Stored items
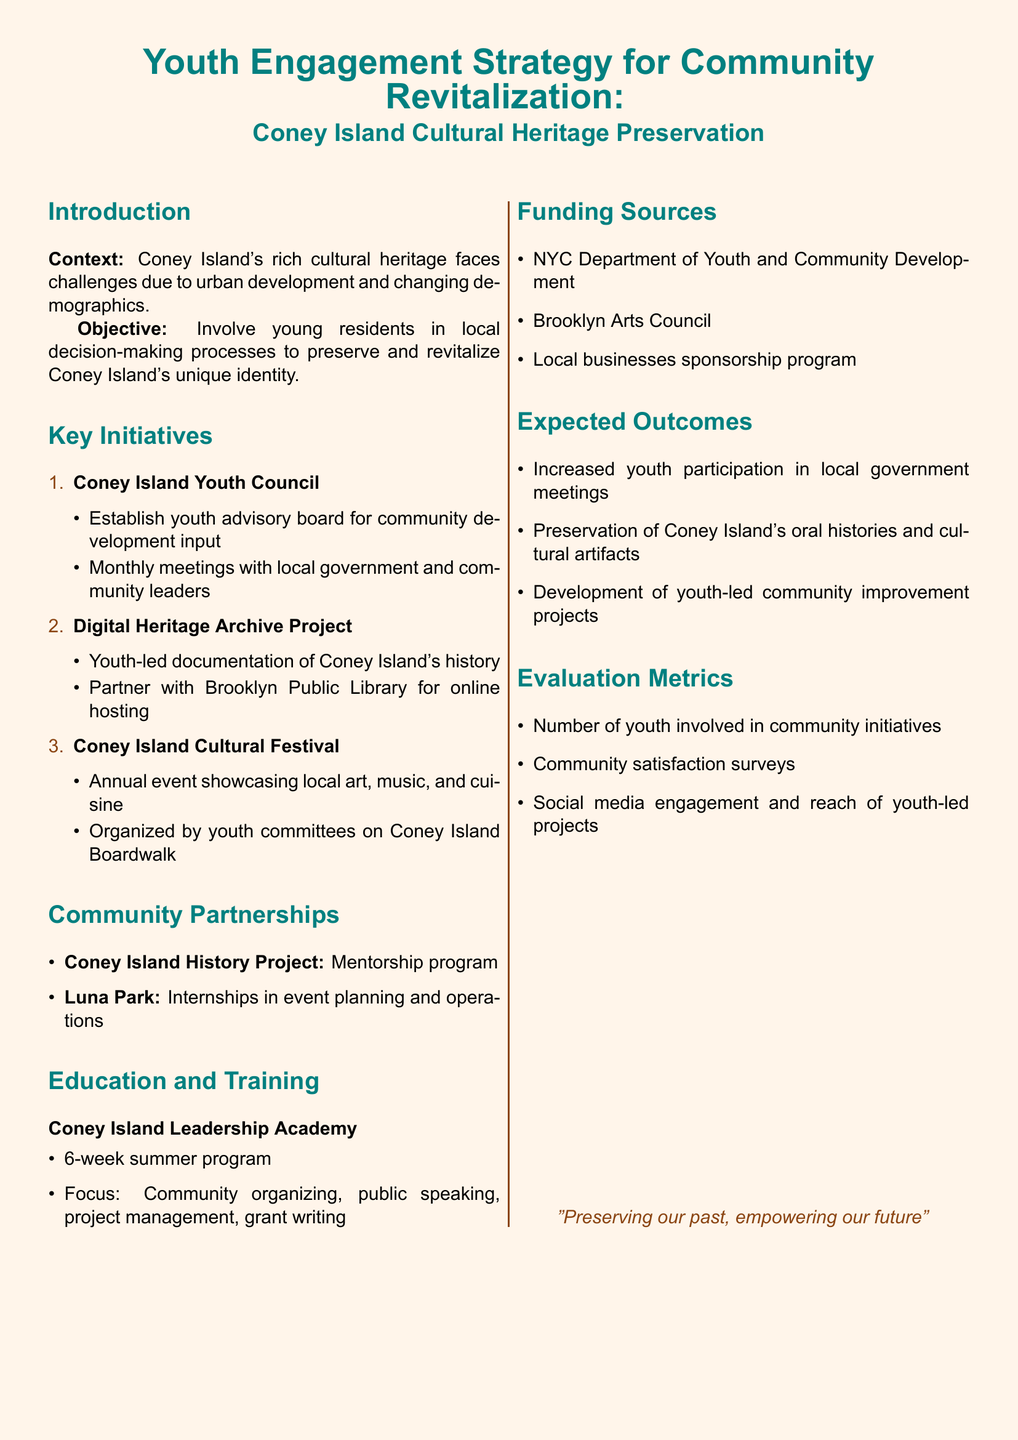What is the main objective of the Youth Engagement Strategy? The objective is to involve young residents in local decision-making processes to preserve and revitalize Coney Island's unique identity.
Answer: Involve young residents in local decision-making processes How many key initiatives are listed in the document? The document lists three key initiatives for youth engagement.
Answer: Three What is the name of the youth advisory board mentioned? The advisory board established for community development input is called the Coney Island Youth Council.
Answer: Coney Island Youth Council What type of program is the Coney Island Leadership Academy? It is a summer program focused on various skills pertinent to community engagement and organizing.
Answer: Summer program Which organization is partnering for the Digital Heritage Archive Project? The Digital Heritage Archive Project partners with the Brooklyn Public Library for online hosting.
Answer: Brooklyn Public Library How often does the Coney Island Youth Council meet? The Coney Island Youth Council meets monthly with local government and community leaders.
Answer: Monthly What is one expected outcome of the youth engagement initiative? One expected outcome is the preservation of Coney Island's oral histories and cultural artifacts.
Answer: Preservation of Coney Island's oral histories and cultural artifacts Which funding source is mentioned for community initiatives? The NYC Department of Youth and Community Development is one of the funding sources mentioned.
Answer: NYC Department of Youth and Community Development What does the Coney Island Cultural Festival showcase? The Coney Island Cultural Festival showcases local art, music, and cuisine.
Answer: Local art, music, and cuisine

TASK STATEMENT
Beginning at the line that contains "Answer: Monthly What" and ending at the last line above, copy each line without any change.

RESULT OF THE TASK
Answer: Monthly What is one expected outcome of the youth engagement initiative? One expected outcome is the preservation of Coney Island's oral histories and cultural artifacts.
Answer: Preservation of Coney Island's oral histories and cultural artifacts Which funding source is mentioned for community initiatives? The NYC Department of Youth and Community Development is one of the funding sources mentioned.
Answer: NYC Department of Youth and Community Development What does the Coney Island Cultural Festival showcase? The Coney Island Cultural Festival showcases local art, music, and cuisine.
Answer: Local art, music, and cuisine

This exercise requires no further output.